The judgment proclaiming victory for Zostel was pronounced by the Arbitral Tribunal and Former Chief Justice of India Justice AM Ahmadi on 6th March, 2021.
According to the press release issued by Zostel, Honorable AM Ahmadi said that the term sheet between Zostel and OYO was a binding agreement. The order stated that OYO breached the Term Sheet by not executing Definitive Documents due to OYO’s internal issue. The judge further said the transaction was consummated as ZO Rooms transferred the entire business in 2016. As a result of the breach, which was not caused by any default on part of the ZO and its shareholders, ZO Rooms’ Shareholders are entitled to issuance of decree of specific performance directing the parties.
Commenting on the judgment, Mr. Paavan Nanda Ex Co-founder, Zostel, said “We welcome the judgment by the Hon’ble Tribunal. Beyond the monetary compensation, it was a fight for our rights and reputation. We are extremely relieved with the judgment that the arbitral tribunal has pronounced after diligently evaluating the merits and evidences produced by us over the last 3 years.”
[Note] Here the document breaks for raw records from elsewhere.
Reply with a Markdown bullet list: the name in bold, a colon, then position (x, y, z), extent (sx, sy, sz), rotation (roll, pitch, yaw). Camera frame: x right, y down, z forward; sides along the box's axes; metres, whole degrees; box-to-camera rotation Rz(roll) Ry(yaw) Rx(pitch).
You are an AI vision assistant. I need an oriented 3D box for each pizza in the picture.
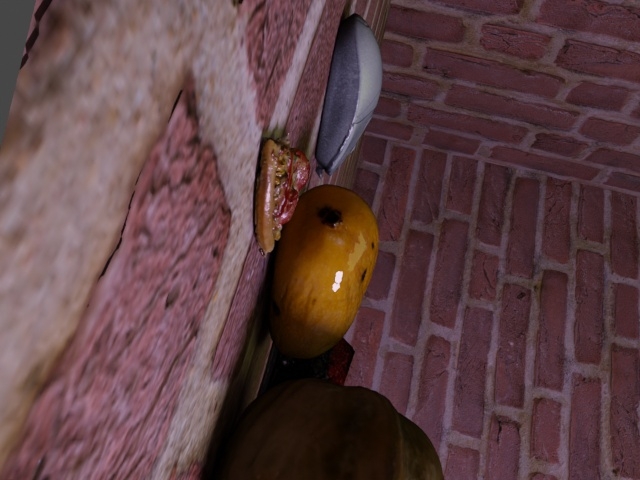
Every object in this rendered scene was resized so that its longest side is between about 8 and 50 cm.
- **pizza**: position (-0.029, -0.045, 0.363), extent (0.099, 0.029, 0.100), rotation (89, 14, -72)

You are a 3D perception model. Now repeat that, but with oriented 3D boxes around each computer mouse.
- **computer mouse**: position (0.043, -0.183, 0.646), extent (0.113, 0.068, 0.229), rotation (-68, 170, -59)

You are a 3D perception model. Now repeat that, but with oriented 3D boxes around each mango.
- **mango**: position (0.000, 0.048, 0.536), extent (0.262, 0.108, 0.157), rotation (101, 0, -53)

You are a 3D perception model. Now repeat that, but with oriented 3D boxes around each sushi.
- **sushi**: position (-0.028, 0.252, 0.798), extent (0.136, 0.126, 0.225), rotation (102, 10, -47)

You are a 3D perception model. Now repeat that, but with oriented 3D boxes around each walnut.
- **walnut**: position (0.000, 0.273, 0.443), extent (0.283, 0.227, 0.283), rotation (-159, -90, -85)

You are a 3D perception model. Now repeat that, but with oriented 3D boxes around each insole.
- **insole**: position (-0.076, 0.190, 0.690), extent (0.064, 0.004, 0.189), rotation (97, 8, -59)

Oyo rooms is one of the most valued startups in India’s startup ecosystem and a 7% stake in a high-profile startup will be considered tantamount to a resounding victory for Zostel.
Oyo stays Adamant despite Zostel claiming Victory
Despite Zostel claiming victory in a legal battle, Oyo continues to remain steadfast on its stance. On its official blog platform, the Softbank backed company has made following claims on the judgment:
- No relief to Zo in terms of getting any OYO share ownership. In the most significant development, the Tribunal has disallowed it while granting them the right to seek specific performance of TS.
- No definitive agreements in place to consummate the transaction and the tribunal has categorically acknowledged it; and that the definitive agreements, important documentation for any M&A transaction, were neither finalized nor agreed.
- The order notes that the non-binding term sheet is to be held as binding, however, the term sheet itself has several key elements like assets, value etc. including commercials that were not agreed within the term sheets itself.
- Only legal costs awarded as damages granted to Zo, award of specific performance of non-binding term sheet (which in itself has no agreed financials) is subjected to initiation of further proceedings and likely to get challenged.
Oyo has further stated that the concerned judgement will be duly challenged but did not provide any definitive timeline for the same.